The discussion started with a question about near-term business conditions—which of the participants was most excited about growth potential at their organizations? Karen Crnkovich, owner of DMC Service, was quick to respond.
“As a fixer, not a builder, construction trends don’t affect us,” she said. “We’re the ones who stay consistent. Things are always breaking and need to be repaired, need to be maintained and sometimes replaced.” Beyond that, she said, her Olathe-based commercial HVAC and plumbing services company anticipates additional growth through building automation, regulations on refrigerants and other efficiencies. The lone concern? “Finding qualified employees. That’s what hampers our growth, but we’re still having the best year we’ve ever had.”
Also in that realm, Sheri Johnson of McCownGordon Construction said economic data is highly positive looking out to 2026. “Our projects in the queue don’t even break ground until next year,” said the company’s chief marketing executive. “And we started a manufacturing unit that is going crazy with all the reshoring.” While private developers have held back on commercial projects amid the increase in interest rates, the infusion of public money has helped keep the work pipeline full.
As for residential real estate, a sector slammed by rising prices and high rates, Lindsey Schulze of the ReeceNichols Koehler Bortnick team said things in her world were “shockingly” good. Why? “Because we’ve been in it so long, and people are always having babies, moving, getting divorced or dying. So we’ve always been consistent, but it’s an interesting time to be in real estate, for sure.”

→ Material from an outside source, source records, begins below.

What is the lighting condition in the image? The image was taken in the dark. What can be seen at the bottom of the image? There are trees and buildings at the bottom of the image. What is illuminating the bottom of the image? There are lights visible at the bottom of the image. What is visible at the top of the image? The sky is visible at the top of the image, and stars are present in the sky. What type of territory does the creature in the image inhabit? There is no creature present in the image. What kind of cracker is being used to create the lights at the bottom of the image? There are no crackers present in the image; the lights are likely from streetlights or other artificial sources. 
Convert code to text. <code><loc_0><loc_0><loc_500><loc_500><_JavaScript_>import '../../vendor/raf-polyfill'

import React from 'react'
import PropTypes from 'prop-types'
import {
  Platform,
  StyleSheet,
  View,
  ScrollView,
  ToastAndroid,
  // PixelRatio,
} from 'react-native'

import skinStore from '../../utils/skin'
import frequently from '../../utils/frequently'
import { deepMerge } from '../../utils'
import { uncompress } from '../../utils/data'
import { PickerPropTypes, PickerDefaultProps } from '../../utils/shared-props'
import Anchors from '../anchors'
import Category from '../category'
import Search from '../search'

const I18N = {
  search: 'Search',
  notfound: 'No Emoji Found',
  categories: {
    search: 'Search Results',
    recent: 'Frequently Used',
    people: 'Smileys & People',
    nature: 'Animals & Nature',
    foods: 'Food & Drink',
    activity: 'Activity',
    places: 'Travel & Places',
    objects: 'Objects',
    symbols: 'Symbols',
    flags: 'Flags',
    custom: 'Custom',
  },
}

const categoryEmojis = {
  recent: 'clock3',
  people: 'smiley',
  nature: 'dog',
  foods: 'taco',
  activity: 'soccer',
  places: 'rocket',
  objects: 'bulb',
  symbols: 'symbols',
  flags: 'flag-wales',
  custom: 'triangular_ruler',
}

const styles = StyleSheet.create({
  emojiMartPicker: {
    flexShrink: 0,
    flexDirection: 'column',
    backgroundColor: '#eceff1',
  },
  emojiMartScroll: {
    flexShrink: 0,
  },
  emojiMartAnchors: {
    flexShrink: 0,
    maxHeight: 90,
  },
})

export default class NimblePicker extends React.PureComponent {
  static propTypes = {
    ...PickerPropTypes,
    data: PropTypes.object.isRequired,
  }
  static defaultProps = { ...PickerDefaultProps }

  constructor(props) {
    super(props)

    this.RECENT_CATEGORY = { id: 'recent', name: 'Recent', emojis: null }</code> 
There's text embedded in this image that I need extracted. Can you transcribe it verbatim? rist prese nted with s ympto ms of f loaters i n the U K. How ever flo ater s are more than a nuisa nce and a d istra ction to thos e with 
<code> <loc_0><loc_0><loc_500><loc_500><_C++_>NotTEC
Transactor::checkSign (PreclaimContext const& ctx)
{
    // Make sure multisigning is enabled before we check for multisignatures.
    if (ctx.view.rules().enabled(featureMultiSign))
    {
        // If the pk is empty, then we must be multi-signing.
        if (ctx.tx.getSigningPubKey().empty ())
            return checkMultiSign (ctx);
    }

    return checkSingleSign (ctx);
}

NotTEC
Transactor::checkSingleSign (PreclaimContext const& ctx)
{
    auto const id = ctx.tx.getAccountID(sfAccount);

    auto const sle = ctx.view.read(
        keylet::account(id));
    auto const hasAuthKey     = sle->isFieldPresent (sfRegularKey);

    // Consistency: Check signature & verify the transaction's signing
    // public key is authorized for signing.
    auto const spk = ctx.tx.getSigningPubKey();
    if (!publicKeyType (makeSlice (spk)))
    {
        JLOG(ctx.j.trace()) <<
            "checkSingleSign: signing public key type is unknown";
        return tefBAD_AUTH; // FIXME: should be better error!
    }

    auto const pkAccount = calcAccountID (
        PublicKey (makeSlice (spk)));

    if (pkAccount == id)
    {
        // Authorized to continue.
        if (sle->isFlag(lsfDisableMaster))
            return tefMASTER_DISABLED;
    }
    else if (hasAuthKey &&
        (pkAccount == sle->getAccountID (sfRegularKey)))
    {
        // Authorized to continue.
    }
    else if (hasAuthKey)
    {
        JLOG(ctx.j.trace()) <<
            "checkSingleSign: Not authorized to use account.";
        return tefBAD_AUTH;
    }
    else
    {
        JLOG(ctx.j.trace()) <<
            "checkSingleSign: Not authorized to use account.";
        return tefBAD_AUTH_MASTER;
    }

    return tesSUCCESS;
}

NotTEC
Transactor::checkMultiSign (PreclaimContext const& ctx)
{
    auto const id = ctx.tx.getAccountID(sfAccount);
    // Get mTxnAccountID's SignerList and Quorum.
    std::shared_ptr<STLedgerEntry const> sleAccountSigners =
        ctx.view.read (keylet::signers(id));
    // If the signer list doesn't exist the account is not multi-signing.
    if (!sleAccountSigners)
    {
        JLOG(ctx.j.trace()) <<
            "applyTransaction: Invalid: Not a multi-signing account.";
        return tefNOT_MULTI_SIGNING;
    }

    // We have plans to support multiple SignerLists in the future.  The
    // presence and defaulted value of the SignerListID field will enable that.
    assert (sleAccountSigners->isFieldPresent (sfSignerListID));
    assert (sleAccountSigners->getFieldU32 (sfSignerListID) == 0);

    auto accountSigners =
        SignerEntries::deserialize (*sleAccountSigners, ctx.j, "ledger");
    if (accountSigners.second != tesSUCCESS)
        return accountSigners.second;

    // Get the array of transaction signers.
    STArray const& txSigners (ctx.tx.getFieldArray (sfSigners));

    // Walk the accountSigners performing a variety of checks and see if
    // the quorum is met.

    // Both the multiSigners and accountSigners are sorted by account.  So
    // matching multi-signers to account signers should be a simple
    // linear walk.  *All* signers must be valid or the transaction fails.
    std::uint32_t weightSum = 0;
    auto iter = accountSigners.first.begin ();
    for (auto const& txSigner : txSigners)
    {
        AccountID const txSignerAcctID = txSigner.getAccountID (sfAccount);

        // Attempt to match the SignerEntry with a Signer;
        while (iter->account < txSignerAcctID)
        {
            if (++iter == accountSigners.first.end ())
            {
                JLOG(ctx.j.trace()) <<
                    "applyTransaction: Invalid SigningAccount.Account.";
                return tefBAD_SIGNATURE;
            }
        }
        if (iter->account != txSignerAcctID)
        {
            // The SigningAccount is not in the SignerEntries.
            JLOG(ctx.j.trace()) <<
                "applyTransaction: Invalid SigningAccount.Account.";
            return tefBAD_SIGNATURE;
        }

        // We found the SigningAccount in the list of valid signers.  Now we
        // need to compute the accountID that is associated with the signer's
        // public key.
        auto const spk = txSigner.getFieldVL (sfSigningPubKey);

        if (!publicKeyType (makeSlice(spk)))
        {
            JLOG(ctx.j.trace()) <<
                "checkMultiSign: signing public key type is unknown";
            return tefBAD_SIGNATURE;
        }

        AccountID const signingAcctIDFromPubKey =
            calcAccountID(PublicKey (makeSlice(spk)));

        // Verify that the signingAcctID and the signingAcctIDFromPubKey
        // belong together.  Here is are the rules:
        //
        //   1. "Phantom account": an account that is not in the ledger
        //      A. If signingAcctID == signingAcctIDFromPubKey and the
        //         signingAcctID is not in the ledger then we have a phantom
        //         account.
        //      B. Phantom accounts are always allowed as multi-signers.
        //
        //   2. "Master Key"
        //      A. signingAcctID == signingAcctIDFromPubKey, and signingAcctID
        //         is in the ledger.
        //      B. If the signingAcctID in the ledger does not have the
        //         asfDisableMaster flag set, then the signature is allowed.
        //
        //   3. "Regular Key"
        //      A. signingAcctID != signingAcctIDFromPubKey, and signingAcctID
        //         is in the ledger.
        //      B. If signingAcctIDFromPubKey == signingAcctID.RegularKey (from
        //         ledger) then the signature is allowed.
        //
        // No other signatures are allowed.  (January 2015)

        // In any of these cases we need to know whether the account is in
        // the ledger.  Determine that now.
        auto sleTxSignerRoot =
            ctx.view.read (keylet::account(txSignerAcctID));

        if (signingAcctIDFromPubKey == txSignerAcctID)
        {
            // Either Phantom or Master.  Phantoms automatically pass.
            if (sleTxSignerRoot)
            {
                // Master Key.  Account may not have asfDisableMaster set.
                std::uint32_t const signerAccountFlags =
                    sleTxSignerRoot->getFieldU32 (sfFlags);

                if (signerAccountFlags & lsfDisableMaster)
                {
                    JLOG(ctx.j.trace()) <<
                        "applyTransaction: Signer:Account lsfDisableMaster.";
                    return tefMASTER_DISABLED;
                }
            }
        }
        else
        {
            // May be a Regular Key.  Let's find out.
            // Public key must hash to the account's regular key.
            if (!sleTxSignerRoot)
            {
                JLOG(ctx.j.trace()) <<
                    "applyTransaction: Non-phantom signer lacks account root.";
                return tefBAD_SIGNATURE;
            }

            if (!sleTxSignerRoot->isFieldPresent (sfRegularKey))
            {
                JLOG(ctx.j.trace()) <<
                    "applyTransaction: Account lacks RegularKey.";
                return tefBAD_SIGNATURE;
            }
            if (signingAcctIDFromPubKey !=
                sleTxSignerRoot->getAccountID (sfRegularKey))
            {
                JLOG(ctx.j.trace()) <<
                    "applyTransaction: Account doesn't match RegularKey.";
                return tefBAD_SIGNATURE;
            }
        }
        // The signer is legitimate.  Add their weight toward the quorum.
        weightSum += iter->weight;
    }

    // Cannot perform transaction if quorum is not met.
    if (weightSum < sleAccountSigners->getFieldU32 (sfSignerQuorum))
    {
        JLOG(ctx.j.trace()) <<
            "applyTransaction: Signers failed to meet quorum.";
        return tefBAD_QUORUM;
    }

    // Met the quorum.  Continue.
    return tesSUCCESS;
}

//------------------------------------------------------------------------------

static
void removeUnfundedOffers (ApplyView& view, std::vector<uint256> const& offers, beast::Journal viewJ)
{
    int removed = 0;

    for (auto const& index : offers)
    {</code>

Over the course of her 20 years in that field, she’s seen the number of regional agents soar from 6,000 to 16,000. With the recent lawsuit over agent commissions threatening a rewrite of compensation practices, that number may change. “So far, we’re kind of stuck in neutral,” Schulze says. “We hear a lot more chaos than anything actually happening, but it will be interesting when they make the changes about how we do things.”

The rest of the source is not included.